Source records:
- - - - - - -
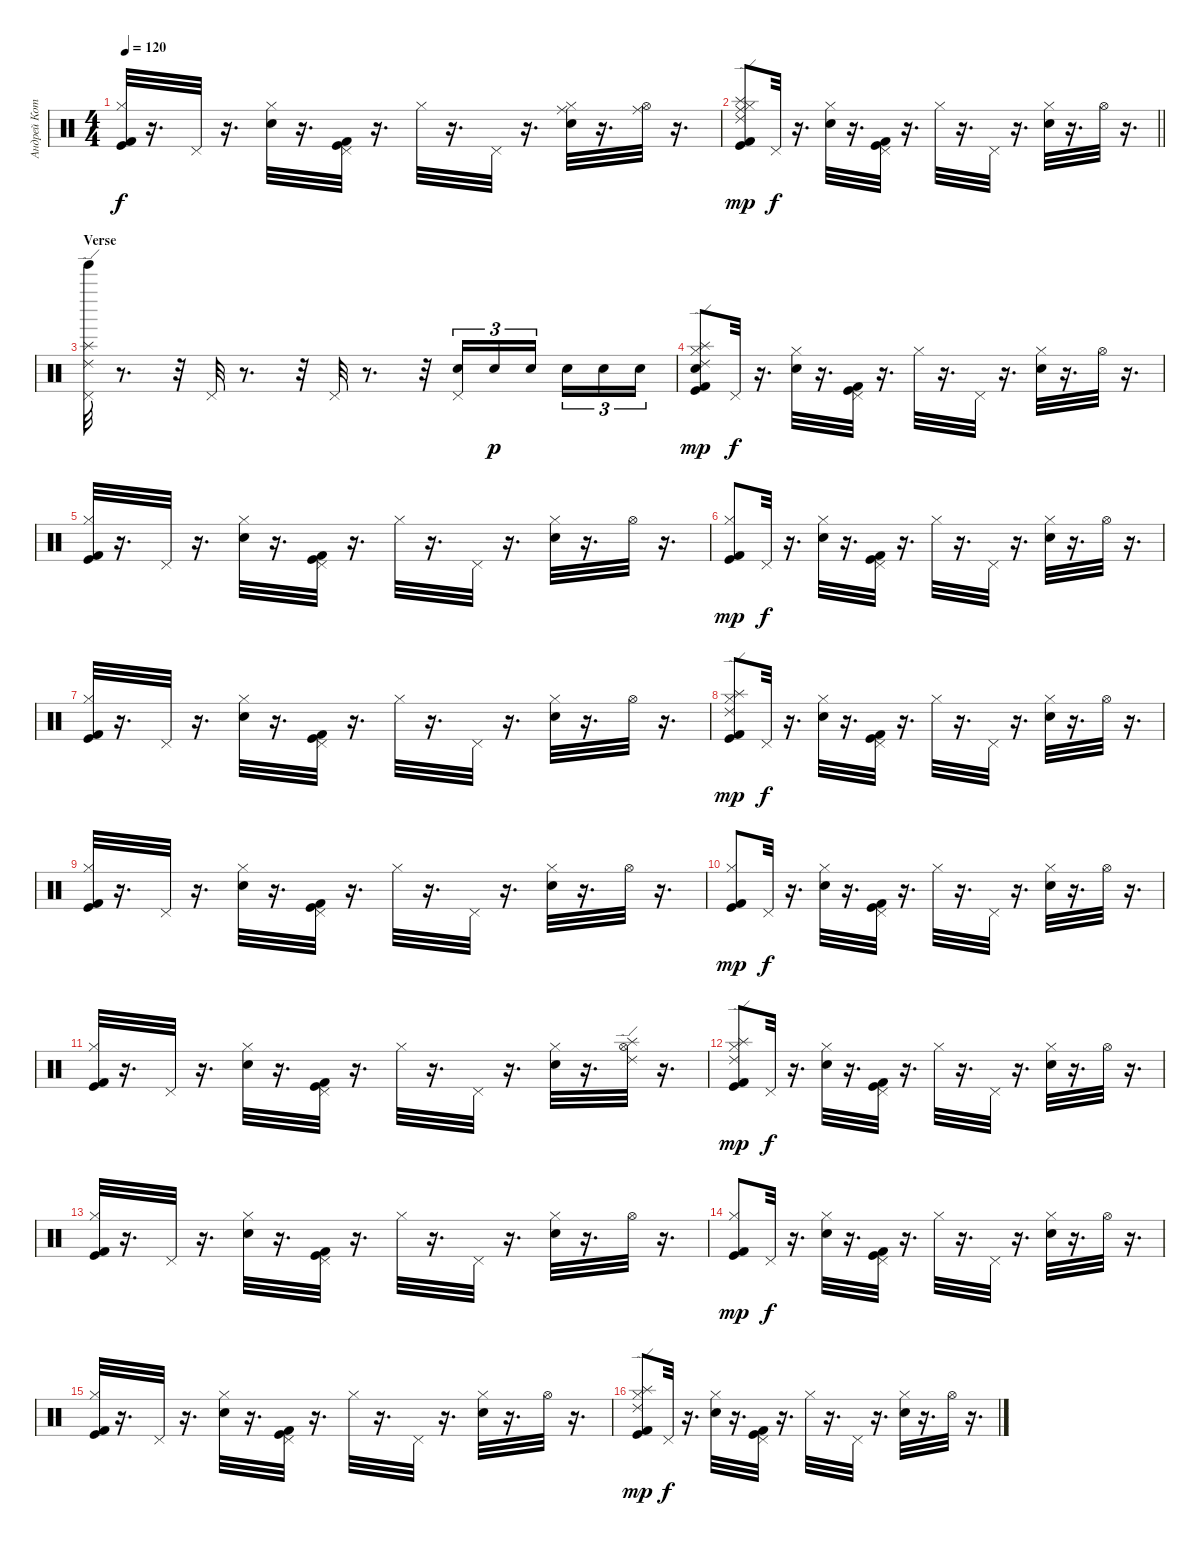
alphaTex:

\track ("Андрей Котов " "Андрей Кот") {instrument percussion}
\staff {score}
\articulation defaults
\ts (4 4)
\tempo 120
\clef neutral
\ks c
("Kick (hit)" "Hi-Hat (closed)" "Kick (hit) 2").32{dy f} r.16{d} "Pedal Hi-Hat (hit)".32 r.16{d} ("Hi-Hat (closed)" "Snare (hit) 2").32 r.16{d} ("Kick (hit)" "Pedal Hi-Hat (hit)" "Kick (hit) 2").32 r.16{d} "Hi-Hat (closed)".32 r.16{d} "Pedal Hi-Hat (hit)".32 r.16{d} ("Ride (middle)" "Hi-Hat (closed)" "Snare (hit) 2").32 r.16{d} ("Ride (middle)" "Hi-Hat (open)").32 r.16{d} |
\barLineRight lightlight
("Kick (hit)" "Ride (middle)" "Splash (hit)" "Ride (edge) 2" "Hi-Hat (closed)" "Kick (hit) 2").8{dy mp} "Pedal Hi-Hat (hit)".32{dy f} r.16{d} ("Hi-Hat (closed)" "Snare (hit) 2").32 r.16{d} ("Kick (hit)" "Pedal Hi-Hat (hit)" "Kick (hit) 2").32 r.16{d} "Hi-Hat (closed)".32 r.16{d} "Pedal Hi-Hat (hit)".32 r.16{d} ("Hi-Hat (closed)" "Snare (hit) 2").32 r.16{d} "Hi-Hat (open)".32 r.16{d} |
\section ("" "Verse ")
("Ride (edge) 2" "Splash (hit)" "Tinkle Bell (hit)" "Pedal Hi-Hat (hit)").32 r.8{d} r.32 "Pedal Hi-Hat (hit)".32 r.8{d} r.32 "Pedal Hi-Hat (hit)".32 r.8{d} r.32 ("Snare (hit) 2" "Pedal Hi-Hat (hit)").16{tu (3 2)} "Snare (hit) 2".16{tu (3 2) dy p} "Snare (hit) 2".16{tu (3 2) beam splitsecondary} "Snare (hit) 2".16{tu (3 2)} "Snare (hit) 2".16{tu (3 2)} "Snare (hit) 2".16{tu (3 2)} |
("Snare (hit) 2" "Kick (hit)" "Splash (hit)" "Ride (edge) 2" "Hi-Hat (closed)" "Kick (hit) 2").8{dy mp} "Pedal Hi-Hat (hit)".32{dy f} r.16{d} ("Hi-Hat (closed)" "Snare (hit) 2").32 r.16{d} ("Kick (hit)" "Pedal Hi-Hat (hit)" "Kick (hit) 2").32 r.16{d} "Hi-Hat (closed)".32 r.16{d} "Pedal Hi-Hat (hit)".32 r.16{d} ("Hi-Hat (closed)" "Snare (hit) 2").32 r.16{d} "Hi-Hat (open)".32 r.16{d} |
("Kick (hit)" "Hi-Hat (closed)" "Kick (hit) 2").32 r.16{d} "Pedal Hi-Hat (hit)".32 r.16{d} ("Hi-Hat (closed)" "Snare (hit) 2").32 r.16{d} ("Kick (hit)" "Pedal Hi-Hat (hit)" "Kick (hit) 2").32 r.16{d} "Hi-Hat (closed)".32 r.16{d} "Pedal Hi-Hat (hit)".32 r.16{d} ("Hi-Hat (closed)" "Snare (hit) 2").32 r.16{d} "Hi-Hat (open)".32 r.16{d} |
("Kick (hit)" "Hi-Hat (closed)" "Kick (hit) 2").8{dy mp} "Pedal Hi-Hat (hit)".32{dy f} r.16{d} ("Hi-Hat (closed)" "Snare (hit) 2").32 r.16{d} ("Kick (hit)" "Pedal Hi-Hat (hit)" "Kick (hit) 2").32 r.16{d} "Hi-Hat (closed)".32 r.16{d} "Pedal Hi-Hat (hit)".32 r.16{d} ("Hi-Hat (closed)" "Snare (hit) 2").32 r.16{d} "Hi-Hat (open)".32 r.16{d} |
("Kick (hit)" "Hi-Hat (closed)" "Kick (hit) 2").32 r.16{d} "Pedal Hi-Hat (hit)".32 r.16{d} ("Hi-Hat (closed)" "Snare (hit) 2").32 r.16{d} ("Kick (hit)" "Pedal Hi-Hat (hit)" "Kick (hit) 2").32 r.16{d} "Hi-Hat (closed)".32 r.16{d} "Pedal Hi-Hat (hit)".32 r.16{d} ("Hi-Hat (closed)" "Snare (hit) 2").32 r.16{d} "Hi-Hat (open)".32 r.16{d} |
("Kick (hit)" "Splash (hit)" "Ride (edge) 2" "Hi-Hat (closed)" "Kick (hit) 2").8{dy mp} "Pedal Hi-Hat (hit)".32{dy f} r.16{d} ("Hi-Hat (closed)" "Snare (hit) 2").32 r.16{d} ("Kick (hit)" "Pedal Hi-Hat (hit)" "Kick (hit) 2").32 r.16{d} "Hi-Hat (closed)".32 r.16{d} "Pedal Hi-Hat (hit)".32 r.16{d} ("Hi-Hat (closed)" "Snare (hit) 2").32 r.16{d} "Hi-Hat (open)".32 r.16{d} |
("Kick (hit)" "Hi-Hat (closed)" "Kick (hit) 2").32 r.16{d} "Pedal Hi-Hat (hit)".32 r.16{d} ("Hi-Hat (closed)" "Snare (hit) 2").32 r.16{d} ("Kick (hit)" "Pedal Hi-Hat (hit)" "Kick (hit) 2").32 r.16{d} "Hi-Hat (closed)".32 r.16{d} "Pedal Hi-Hat (hit)".32 r.16{d} ("Hi-Hat (closed)" "Snare (hit) 2").32 r.16{d} "Hi-Hat (open)".32 r.16{d} |
("Kick (hit)" "Hi-Hat (closed)" "Kick (hit) 2").8{dy mp} "Pedal Hi-Hat (hit)".32{dy f} r.16{d} ("Hi-Hat (closed)" "Snare (hit) 2").32 r.16{d} ("Kick (hit)" "Pedal Hi-Hat (hit)" "Kick (hit) 2").32 r.16{d} "Hi-Hat (closed)".32 r.16{d} "Pedal Hi-Hat (hit)".32 r.16{d} ("Hi-Hat (closed)" "Snare (hit) 2").32 r.16{d} "Hi-Hat (open)".32 r.16{d} |
("Kick (hit)" "Hi-Hat (closed)" "Kick (hit) 2").32 r.16{d} "Pedal Hi-Hat (hit)".32 r.16{d} ("Hi-Hat (closed)" "Snare (hit) 2").32 r.16{d} ("Kick (hit)" "Pedal Hi-Hat (hit)" "Kick (hit) 2").32 r.16{d} "Hi-Hat (closed)".32 r.16{d} "Pedal Hi-Hat (hit)".32 r.16{d} ("Hi-Hat (closed)" "Snare (hit) 2").32 r.16{d} ("Splash (hit)" "Ride (edge) 2" "Hi-Hat (open)").32 r.16{d} |
("Kick (hit)" "Splash (hit)" "Ride (edge) 2" "Hi-Hat (closed)" "Kick (hit) 2").8{dy mp} "Pedal Hi-Hat (hit)".32{dy f} r.16{d} ("Hi-Hat (closed)" "Snare (hit) 2").32 r.16{d} ("Kick (hit)" "Pedal Hi-Hat (hit)" "Kick (hit) 2").32 r.16{d} "Hi-Hat (closed)".32 r.16{d} "Pedal Hi-Hat (hit)".32 r.16{d} ("Hi-Hat (closed)" "Snare (hit) 2").32 r.16{d} "Hi-Hat (open)".32 r.16{d} |
("Kick (hit)" "Hi-Hat (closed)" "Kick (hit) 2").32 r.16{d} "Pedal Hi-Hat (hit)".32 r.16{d} ("Hi-Hat (closed)" "Snare (hit) 2").32 r.16{d} ("Kick (hit)" "Pedal Hi-Hat (hit)" "Kick (hit) 2").32 r.16{d} "Hi-Hat (closed)".32 r.16{d} "Pedal Hi-Hat (hit)".32 r.16{d} ("Hi-Hat (closed)" "Snare (hit) 2").32 r.16{d} "Hi-Hat (open)".32 r.16{d} |
("Kick (hit)" "Hi-Hat (closed)" "Kick (hit) 2").8{dy mp} "Pedal Hi-Hat (hit)".32{dy f} r.16{d} ("Hi-Hat (closed)" "Snare (hit) 2").32 r.16{d} ("Kick (hit)" "Pedal Hi-Hat (hit)" "Kick (hit) 2").32 r.16{d} "Hi-Hat (closed)".32 r.16{d} "Pedal Hi-Hat (hit)".32 r.16{d} ("Hi-Hat (closed)" "Snare (hit) 2").32 r.16{d} "Hi-Hat (open)".32 r.16{d} |
("Kick (hit)" "Hi-Hat (closed)" "Kick (hit) 2").32 r.16{d} "Pedal Hi-Hat (hit)".32 r.16{d} ("Hi-Hat (closed)" "Snare (hit) 2").32 r.16{d} ("Kick (hit)" "Pedal Hi-Hat (hit)" "Kick (hit) 2").32 r.16{d} "Hi-Hat (closed)".32 r.16{d} "Pedal Hi-Hat (hit)".32 r.16{d} ("Hi-Hat (closed)" "Snare (hit) 2").32 r.16{d} "Hi-Hat (open)".32 r.16{d} |
("Kick (hit)" "Splash (hit)" "Ride (edge) 2" "Hi-Hat (closed)" "Kick (hit) 2").8{dy mp} "Pedal Hi-Hat (hit)".32{dy f} r.16{d} ("Hi-Hat (closed)" "Snare (hit) 2").32 r.16{d} ("Kick (hit)" "Pedal Hi-Hat (hit)" "Kick (hit) 2").32 r.16{d} "Hi-Hat (closed)".32 r.16{d} "Pedal Hi-Hat (hit)".32 r.16{d} ("Hi-Hat (closed)" "Snare (hit) 2").32 r.16{d} "Hi-Hat (open)".32 r.16{d}
- - - - - - -
WORK TO COMPLETE
Find the string "middle" in the entries above. Copy each line where it occurs.

ANSWER BOX
("Kick (hit)" "Hi-Hat (closed)" "Kick (hit) 2").32{dy f} r.16{d} "Pedal Hi-Hat (hit)".32 r.16{d} ("Hi-Hat (closed)" "Snare (hit) 2").32 r.16{d} ("Kick (hit)" "Pedal Hi-Hat (hit)" "Kick (hit) 2").32 r.16{d} "Hi-Hat (closed)".32 r.16{d} "Pedal Hi-Hat (hit)".32 r.16{d} ("Ride (middle)" "Hi-Hat (closed)" "Snare (hit) 2").32 r.16{d} ("Ride (middle)" "Hi-Hat (open)").32 r.16{d} |
("Kick (hit)" "Ride (middle)" "Splash (hit)" "Ride (edge) 2" "Hi-Hat (closed)" "Kick (hit) 2").8{dy mp} "Pedal Hi-Hat (hit)".32{dy f} r.16{d} ("Hi-Hat (closed)" "Snare (hit) 2").32 r.16{d} ("Kick (hit)" "Pedal Hi-Hat (hit)" "Kick (hit) 2").32 r.16{d} "Hi-Hat (closed)".32 r.16{d} "Pedal Hi-Hat (hit)".32 r.16{d} ("Hi-Hat (closed)" "Snare (hit) 2").32 r.16{d} "Hi-Hat (open)".32 r.16{d} |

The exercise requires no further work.